I am making a DIY PVC overflow with a new (never tried) design.. I will add pics soon


----------



## xTmDarren (Apr 27, 2009)

jwal said:


> I am making a DIY PVC overflow with a new (never tried) design.. I will add pics soon


I im really interesting in this- Take lots of pictures- I personally was thinking about doing this with my 55gallon  I guess Ill use this thread to see if I will make one as well opcorn:

oh and JWAL I'm right above you in Kannapolis lol...


----------



## jwal (Jan 17, 2008)

I spent $20.00 at Lowe's on the PVC parts yesterday. I cut the pieces and now I am ready to cement them together. I'll take some pics


----------



## jwal (Jan 17, 2008)

Ok, I cemented together the pvc parts (except the intake part I am going to leave friction fit until I fine tune it

Here are two different angles of it, in case one angle isn't clear:


















hope it works well


----------



## xTmDarren (Apr 27, 2009)

i cant wait to see it all put together

it looks like its coming along well though opcorn:


----------



## jwal (Jan 17, 2008)

I added a check valve for removing any air bubbles in the siphon section. 
Tomorrow I'm going to finish the sump and drip trays :dancing:


----------



## jwal (Jan 17, 2008)

I just tested the pvc overflow...the results aren't as good as I had hoped. Only 600 - 650 gph throughput. I sort of thought I could do better than that with this design. Oh well. Maybe I have to rebuild with 1.25" pvc OR use this one and divert away 150-200 gph with a valve...


----------



## willny1 (Nov 17, 2008)

Lower the wye. As long as the wye is higher than the bottom part in the tank than it will maintain syphon. Also, the greater the distance seemed to increase GPH in my pvc over flow build. I used 1 inch thin walled pvc which had had a smaller i.d. allowing more flow.

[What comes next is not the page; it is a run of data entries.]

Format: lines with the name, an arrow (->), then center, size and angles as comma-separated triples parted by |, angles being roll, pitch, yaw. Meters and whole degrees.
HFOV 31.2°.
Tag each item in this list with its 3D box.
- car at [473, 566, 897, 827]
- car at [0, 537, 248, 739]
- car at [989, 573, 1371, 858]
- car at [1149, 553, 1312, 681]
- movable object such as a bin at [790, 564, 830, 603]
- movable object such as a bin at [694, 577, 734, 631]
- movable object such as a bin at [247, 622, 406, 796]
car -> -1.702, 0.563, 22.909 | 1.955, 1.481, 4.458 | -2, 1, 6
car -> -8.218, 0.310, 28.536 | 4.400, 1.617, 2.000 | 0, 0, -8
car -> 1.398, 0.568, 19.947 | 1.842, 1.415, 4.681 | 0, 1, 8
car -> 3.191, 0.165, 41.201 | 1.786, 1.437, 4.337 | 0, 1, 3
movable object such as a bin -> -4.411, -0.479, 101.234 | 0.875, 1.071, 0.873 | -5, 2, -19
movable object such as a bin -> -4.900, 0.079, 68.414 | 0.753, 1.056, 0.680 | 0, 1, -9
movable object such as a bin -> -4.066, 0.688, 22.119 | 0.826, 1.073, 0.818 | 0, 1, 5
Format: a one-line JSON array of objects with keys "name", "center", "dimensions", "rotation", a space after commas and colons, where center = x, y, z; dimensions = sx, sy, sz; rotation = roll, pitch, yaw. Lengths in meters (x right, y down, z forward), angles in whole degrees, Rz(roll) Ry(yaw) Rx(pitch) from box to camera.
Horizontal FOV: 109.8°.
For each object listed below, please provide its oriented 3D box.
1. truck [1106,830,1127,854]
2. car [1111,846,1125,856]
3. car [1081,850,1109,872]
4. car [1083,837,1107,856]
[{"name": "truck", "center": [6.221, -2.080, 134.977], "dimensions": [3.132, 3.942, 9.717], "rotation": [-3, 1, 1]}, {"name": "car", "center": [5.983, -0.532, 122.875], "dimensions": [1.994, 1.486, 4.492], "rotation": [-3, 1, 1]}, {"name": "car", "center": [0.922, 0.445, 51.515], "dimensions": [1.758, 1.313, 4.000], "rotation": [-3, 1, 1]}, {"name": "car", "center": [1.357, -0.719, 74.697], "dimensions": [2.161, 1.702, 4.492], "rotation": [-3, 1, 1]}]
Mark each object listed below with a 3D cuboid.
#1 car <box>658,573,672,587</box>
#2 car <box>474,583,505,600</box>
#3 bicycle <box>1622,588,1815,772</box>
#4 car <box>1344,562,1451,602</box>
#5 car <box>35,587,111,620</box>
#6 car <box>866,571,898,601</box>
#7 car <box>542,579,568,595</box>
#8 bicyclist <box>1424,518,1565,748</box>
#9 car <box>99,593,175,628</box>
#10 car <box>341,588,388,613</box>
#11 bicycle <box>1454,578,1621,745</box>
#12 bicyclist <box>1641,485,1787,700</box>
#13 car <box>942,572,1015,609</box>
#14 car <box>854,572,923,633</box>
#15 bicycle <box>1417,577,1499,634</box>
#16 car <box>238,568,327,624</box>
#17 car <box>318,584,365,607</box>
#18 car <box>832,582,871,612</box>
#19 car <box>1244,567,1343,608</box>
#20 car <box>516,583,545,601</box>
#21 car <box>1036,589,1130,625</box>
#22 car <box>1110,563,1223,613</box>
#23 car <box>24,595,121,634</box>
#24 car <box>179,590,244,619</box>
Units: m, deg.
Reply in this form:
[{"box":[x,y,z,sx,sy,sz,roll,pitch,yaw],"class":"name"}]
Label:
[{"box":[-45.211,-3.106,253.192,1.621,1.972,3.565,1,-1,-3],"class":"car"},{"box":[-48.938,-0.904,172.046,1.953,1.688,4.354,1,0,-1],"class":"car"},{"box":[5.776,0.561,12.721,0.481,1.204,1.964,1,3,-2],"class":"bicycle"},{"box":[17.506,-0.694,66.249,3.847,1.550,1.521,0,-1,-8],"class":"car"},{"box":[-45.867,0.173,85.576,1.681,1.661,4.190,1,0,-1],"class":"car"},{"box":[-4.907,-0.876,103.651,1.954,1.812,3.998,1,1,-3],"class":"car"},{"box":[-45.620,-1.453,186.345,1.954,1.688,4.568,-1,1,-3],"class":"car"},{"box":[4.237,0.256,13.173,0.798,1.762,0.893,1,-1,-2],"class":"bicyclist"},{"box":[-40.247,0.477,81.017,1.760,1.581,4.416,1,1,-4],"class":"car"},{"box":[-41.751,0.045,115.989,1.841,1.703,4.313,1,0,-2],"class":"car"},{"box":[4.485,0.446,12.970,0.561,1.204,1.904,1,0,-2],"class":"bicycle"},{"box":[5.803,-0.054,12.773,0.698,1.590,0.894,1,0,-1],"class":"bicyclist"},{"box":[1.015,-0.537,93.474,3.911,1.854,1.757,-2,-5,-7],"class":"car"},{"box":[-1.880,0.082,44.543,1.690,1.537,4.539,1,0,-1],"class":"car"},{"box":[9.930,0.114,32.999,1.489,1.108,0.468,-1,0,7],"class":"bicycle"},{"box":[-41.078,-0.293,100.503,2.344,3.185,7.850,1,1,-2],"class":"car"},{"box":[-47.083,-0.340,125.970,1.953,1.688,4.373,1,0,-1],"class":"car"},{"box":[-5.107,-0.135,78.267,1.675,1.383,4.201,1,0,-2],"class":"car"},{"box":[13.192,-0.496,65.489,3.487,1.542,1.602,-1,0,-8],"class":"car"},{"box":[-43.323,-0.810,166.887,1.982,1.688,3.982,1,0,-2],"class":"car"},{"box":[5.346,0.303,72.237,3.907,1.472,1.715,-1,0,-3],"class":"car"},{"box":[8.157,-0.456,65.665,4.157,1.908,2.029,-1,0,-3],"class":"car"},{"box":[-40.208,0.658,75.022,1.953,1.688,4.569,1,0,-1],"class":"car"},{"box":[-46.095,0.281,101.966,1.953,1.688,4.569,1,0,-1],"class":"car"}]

Also, some pvc 90's have less i.d. than others. Street pvc is what you want.


----------



## jwal (Jan 17, 2008)

too late I already cemented that together... I used thin wall 1" pvc but I think it will max out at 650-700 no matter where I put the Wye..

I thought that if I lowered the Wye too much then the water level on the inside of the U inside the tank would be too low, allowing excess air bubbles to enter and pass the bottom of the U


----------



## willny1 (Nov 17, 2008)

Put the wye about 2 inches above the U that is inside the tank. I had greater flow when I did this on my setup which is similar to yours.

What size pump are you running? Do you know the specs on the pump for head loss?


----------



## jwal (Jan 17, 2008)

I will be using a pondmaster mag drive 9.5 which supposedly can run at 800 gph @ the head height I will be using, 4 feet. I would guess more like 700-750 since the return has a U bend.

I am considering rebuilding a more simple overflow just using 1.5" pvc pipe, 3 street elbows, 3 regular elbows, and a Wye.

Or should I use 1.25" PVC? :-? I guess the only reason I would choose 1.25" over 1.5" is if the 1.25" PVC is less likely to have air bubble build up in the siphon section. I would prefer to keep that to a minimum just in case the aqualifter pump I will be using the remove the air bubbles ever gets clogged

Also, I believe if I more closely match the drain with the flow of the return pump, the faster flow in the siphon area will help to push small air bubbles through


----------



## mithesaint (Oct 31, 2006)

If it's an option, I'd build 2 overflows, each capable of draining the needed amount. For your set up, I think that would be 1.25 PVC. DIY overflows aren't foolproof. Occasionally you lose the siphon, or the intake gets blocked, or the check valve leaks, etc. A back up over flow is cheap and will prevent an unnecessary mess.

In my experience, overflows are quieter at 1/2 speed too. Can't guarantee that's the case for everyone, but that's how it worked for me.

Are you having some sort of guard or anything on the intake to prevent fish from going for a ride? I picked a few cories and a GBR out of my sump before I added a guard.


----------



## jwal (Jan 17, 2008)

There is a plastic mesh with square holes sold in craft shops which works well as a prefilter wrapped around the intake. I'm going to use that. I just finished a 1.5" PVC overflow which will be more than enough for 800 gph. I'll post pics soon.


----------